I had an exchange with a Christian today. He gave me a pamphlet about Jesus and asked me if I have faith. I told him I do and a great deal of it and began to share my beliefs with him.

Starting at the beginning - if, indeed, metaphysics have a beginning and I don’t think they do - I told him how I believe that a tremendous formless mechanism causes us to come into being for an infinitesimally small moment before vanishing again into nothingness, like antimatter.

His brow furrowed in what I could only read as confusion and I’ve encountered that reaction before. Undeterred, I continued, ‘Of course, when we are brought into being we are preprogrammed with all of the memories that comprise the self of that being so naturally we experience our fractional moment of existence as a logical continuation of the memories that immediately preceded beinghood, and the memories that precede those and so on. The being has no way to know of the brevity of their existence: to them it appears exactly as if they had always existed for nine, eighteen, sixty-two years. Whatever.’

I explained that this phenomenon happens over and over, that I might be brought into being here and now and then cease to exist here as me and then be brought into being afresh as someone else entirely, perhaps not even of the same species or even in the same universe. If such a complex world was created entirely for me, with everyone around me mere scene-dressing for the momentary play of my beinghood, one would be unable to imagine the other possible realities that might be constructed for me.

The Christian paused for a moment and then he said, ‘How is that you then?’

I didn’t understand at first so I asked him to clarify.

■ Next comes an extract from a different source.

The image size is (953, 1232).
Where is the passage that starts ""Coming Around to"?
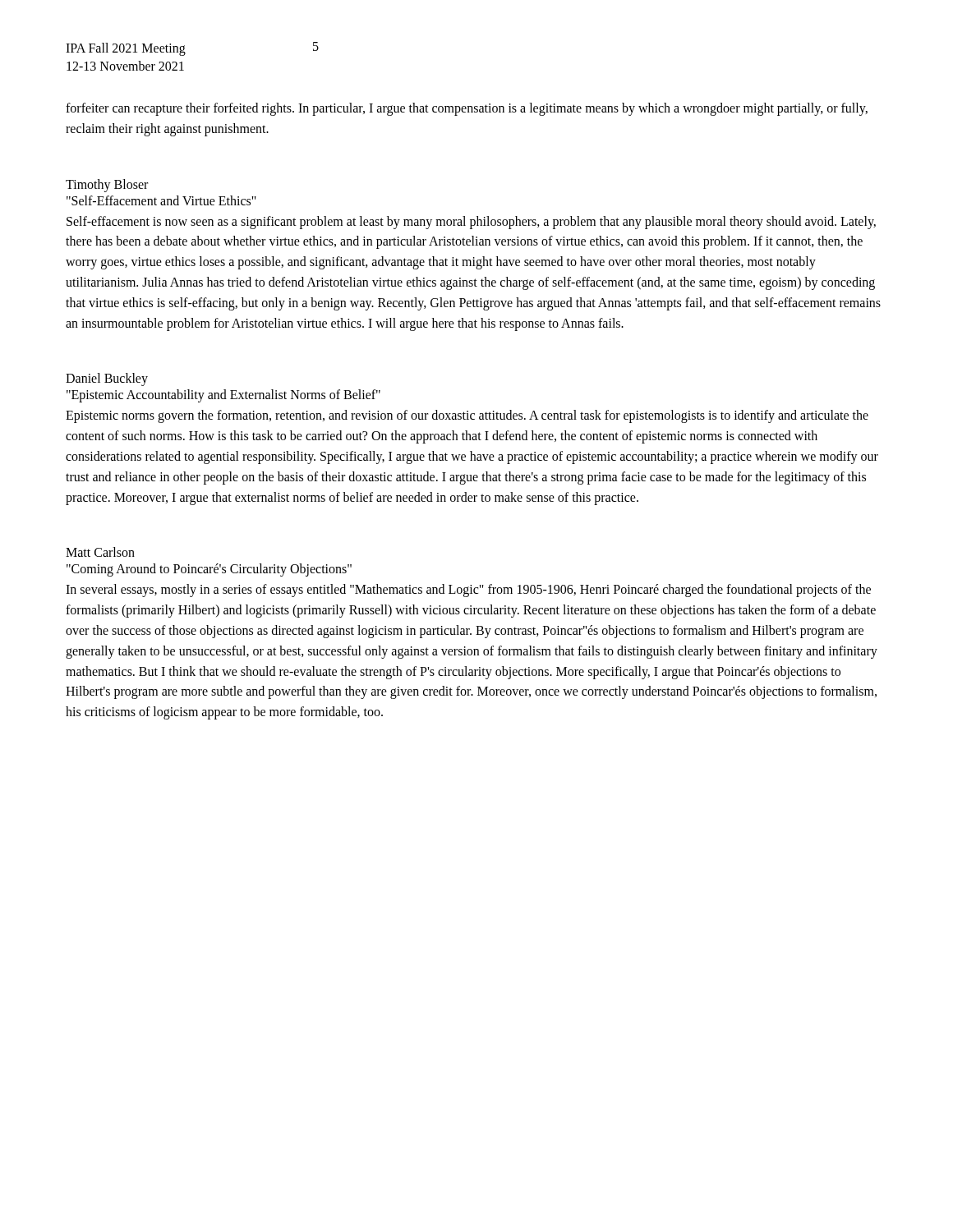209,569

‘Well,’ he said - choosing his words a little too carefully for my liking - ‘I take it that no being has any memory of their other instances of being brought into being?’

I said that this was, of course, correct in one sense, after all I am not preprogrammed with the memories of any of my other instances of beinghood and that the uniting spirit that links these beings does not, in my case, have access to such memories. I was about to continue when he interrupted me: ‘So there is a spirit common to these beings?’

Why he had interrupted to repeat back to me facts I had already established I didn’t know but I was sharper with him than I intended. ‘Of course there’s a common spirit! It wouldn’t make sense otherwise!’

He wasn’t as chastened as I had expected. Truculently he continued. ‘But if no being remembers their other instances of beinghood then what difference does it make?’

I was aghast. It was becoming clear that I was talking to an idiot. ‘Because, friend,’ I said, pointing the word at him threateningly, ‘what if there were a glitch in the mechanism?’

His brow furrowed again. Confusion was clearly his default state. ‘What kind of “glitch”?’

I paused a moment for effect, noting with not-a-little mischievous pride that his pamphlets were held forgotten at his side. ‘It is possible for something to go horribly wrong in such a complex mechanism. Rather than each instance of beinghood being discrete experience, a spirit may retain its consciousness throughout its sequence of existences. It therefore experiences these disconnected moment and their attendant life memories in a torturously linear fashion, retaining the memory of each but unable to make sense of any of them due to their brevity. The spirit, having no agency within the mechanism and experiencing an infinity of moments, is doomed to this intolerable sensory overload for what it perceives as eternity.’

I expected to read concern in the Christian’s face but I detected none. He simply shrugged and said flippantly, ‘Perhaps that is what Hell is,’ trying to turn attention back to the pamphlet.

I wasn’t going to let him get away that easily. I was hurt and angry by his nonchalant response to what I reasonably considered a matter of great metaphysical importance.

‘Hell it would be, yes, but don’t you understand?’ I pleaded. ‘This could happen to you or to me at any moment. We may be, in a very real sense, only a split-second away from an eternity of that.’

He thought for a moment and then said, almost-but-not-quite apologetically, ‘I don’t believe that.’

I held out my hands palm upwards like a master showing his dog he has nothing more to give. He started trying to tell me about Jesus again but I wasn’t going to waste any more time on this proselytising zealot. It crossed my mind to give him back his pamphlet as a symbol of my rejection of him but something stopped me. I smiled weakly, nodded goodbye and stopped off to buy a blood pudding on my way home.

It was later, when I was eating the blood pudding, that I saw the pamphlet on the kitchen counter and it occurred to me that I might make some pamphlets of my own but I knew I probably wouldn’t. After all, by the time I’d be handing them out I would be someone else and I wondered if I would ever be the Christian in a moment where he was talking to me. With an infinity of moments stretching in front and behind me I was encouraged by the thought that if it hadn’t happened already, at some point it would. And I fell to my knees and I prayed that I would never recall it.